$ cat post/a-segfault-at-three-/-a-port-scan-echoes-back-now-/-it-was-in-the-logs.md

26DEC16

a segfault at three / a port scan echoes back now / it was in the logs

Title: A Day in the Life of a Platform Engineer: December 26, 2016

December 26, 2016. I woke up early and poured myself a cup of coffee, staring at my laptop screen as if it held the answers to all my problems. The world outside was still waking up, but in our ops room, the noise of servers and the occasional ping from Slack were already drowning out any semblance of peace.

Today’s task was straightforward: refactor our monitoring stack. We’d been using Nagios for years, but everyone was talking about Prometheus + Grafana as the next big thing. Time to take a look under the hood.

I started by going through our current setup. Nagios had served us well, but it was showing its age. The infrastructure was sprawling, and managing alerts across multiple services was becoming cumbersome. I logged into one of our monitoring boxes to poke around. It wasn’t pretty—scripts strewn about in a haphazard manner, and the nagios.conf file was a labyrinthine mess.

As I sat there, sifting through the config files, I couldn’t help but think about the emerging world outside. Amazon Go was starting to make waves with its cashierless store technology, and cat-proofing a cat feeding machine sounded like something out of a sci-fi novel. Meanwhile, inside our company, people were buzzing about Kubernetes and Helm, Istio and Envoy. GitOps was still an upcoming term, but the idea that code could manage infrastructure was tantalizing.

I decided to start small. I wanted to create a proof-of-concept with Prometheus and Grafana before making any big changes. After setting up a few test servers, I began to understand why everyone was excited. Prometheus’s flexibility and ease of setup were impressive. The data model made sense—metrics as time series—and Grafana’s dashboard capabilities were almost magical.

But there’s no such thing as a free lunch in ops. We had legacy services that needed to stay on Nagios for now, so I set up both systems side by side. This meant writing custom scripts and plugins to get our existing services to talk to Prometheus. It was like trying to teach an old dog new tricks.

Around midday, the team joined me in the ops room. We had a meeting where we could discuss the switch. There were mixed reactions—some were excited, others hesitant. The biggest concern was how we would handle alerting. With Nagios, we relied heavily on email notifications for critical issues. How would Prometheus handle this?

I proposed using Alertmanager to centralize and route alerts. This would give us more control over which alerts went where and when. It took some convincing, but the team eventually agreed to give it a try.

As the day wore on, I tackled one issue after another. There were bugs in our custom scripts, services that refused to play nicely with Prometheus, and even a few server restarts that left me cursing under my breath. By late afternoon, we had a working prototype with most of our services monitored by both Nagios and Prometheus.
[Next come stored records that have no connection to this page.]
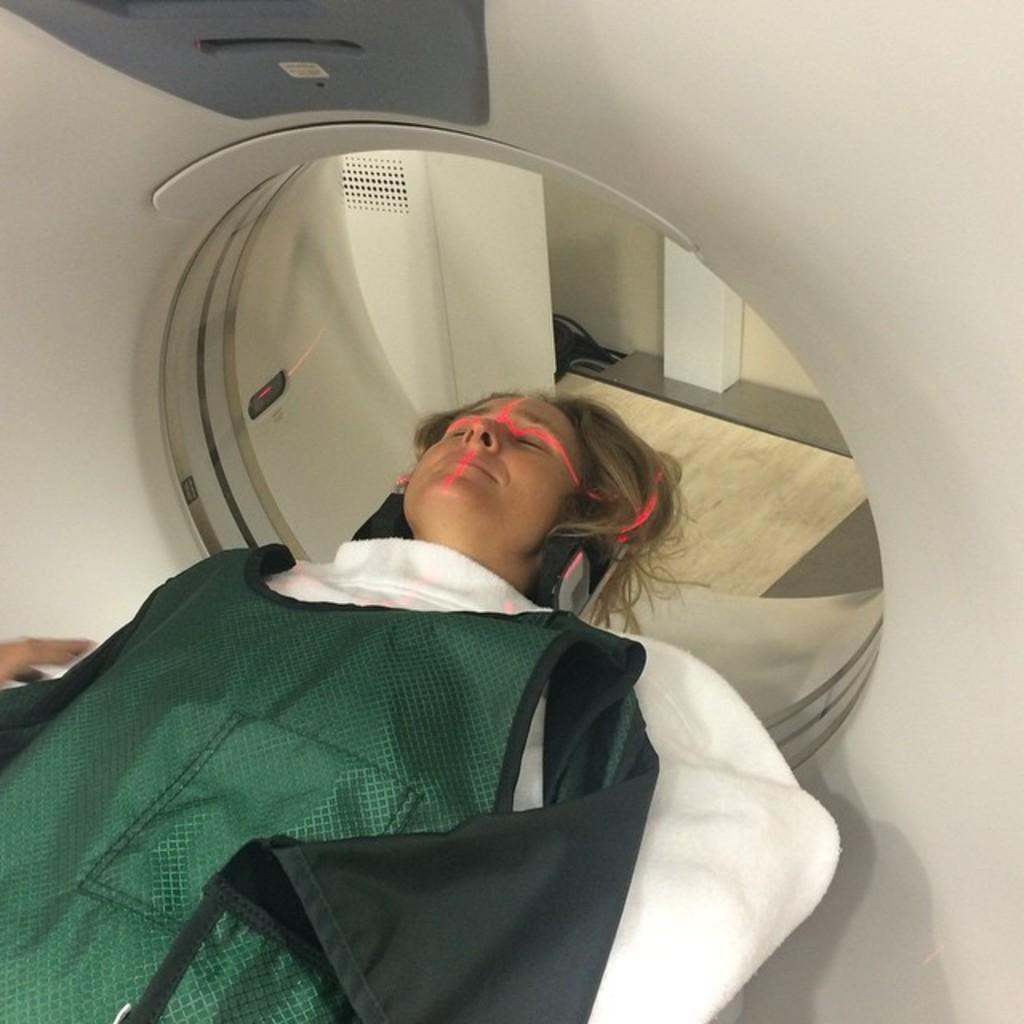What is the woman doing in the image? The woman is lying on the bed in the image. What type of medical equipment is present in the image? There is a full body CT scan machine in the image. What type of spoon is the woman using to eat in the image? There is no spoon present in the image, and the woman is not eating. Can you see any wilderness or natural landscapes in the image? No, the image does not depict any wilderness or natural landscapes; it features a woman lying on a bed and a full body CT scan machine. Are there any rings or jewelry visible on the woman in the image? There is no mention of rings or jewelry in the provided facts, so it cannot be determined if any are visible on the woman in the image. 
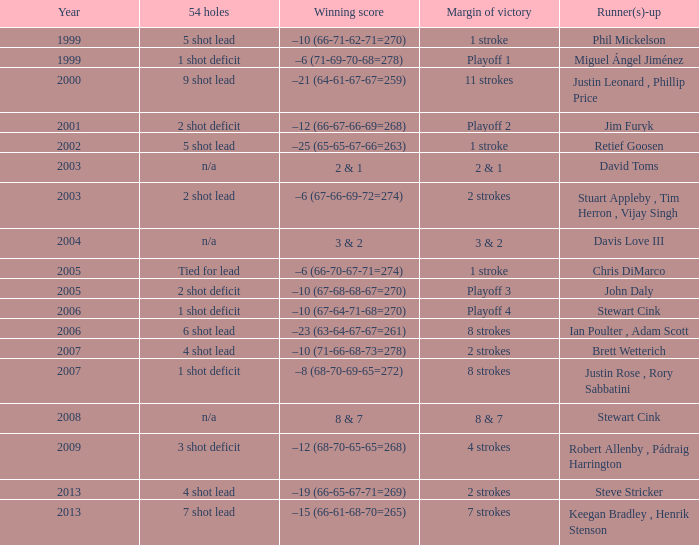In which year is the highest for runner-up Steve Stricker? 2013.0. 
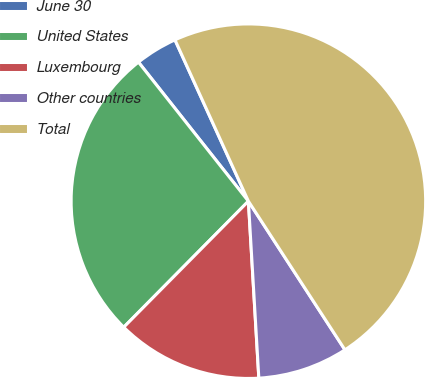Convert chart. <chart><loc_0><loc_0><loc_500><loc_500><pie_chart><fcel>June 30<fcel>United States<fcel>Luxembourg<fcel>Other countries<fcel>Total<nl><fcel>3.85%<fcel>26.94%<fcel>13.35%<fcel>8.23%<fcel>47.63%<nl></chart>

It was a long day, but it felt like progress. We were moving towards a more modern monitoring stack, one that could scale better and provide us with richer insights. As I wrapped up for the evening, I couldn’t help but feel proud of what we had accomplished. The future might be uncertain, but today, at least, we had taken an important step forward.

Tomorrow would bring its own set of challenges, but for now, it was time to go home and enjoy some well-deserved downtime. Who knew what kind of side projects or hacks the internet had in store?

That’s a day in my life as a platform engineer in December 2016. The tech world was changing fast, and I felt lucky to be part of that change.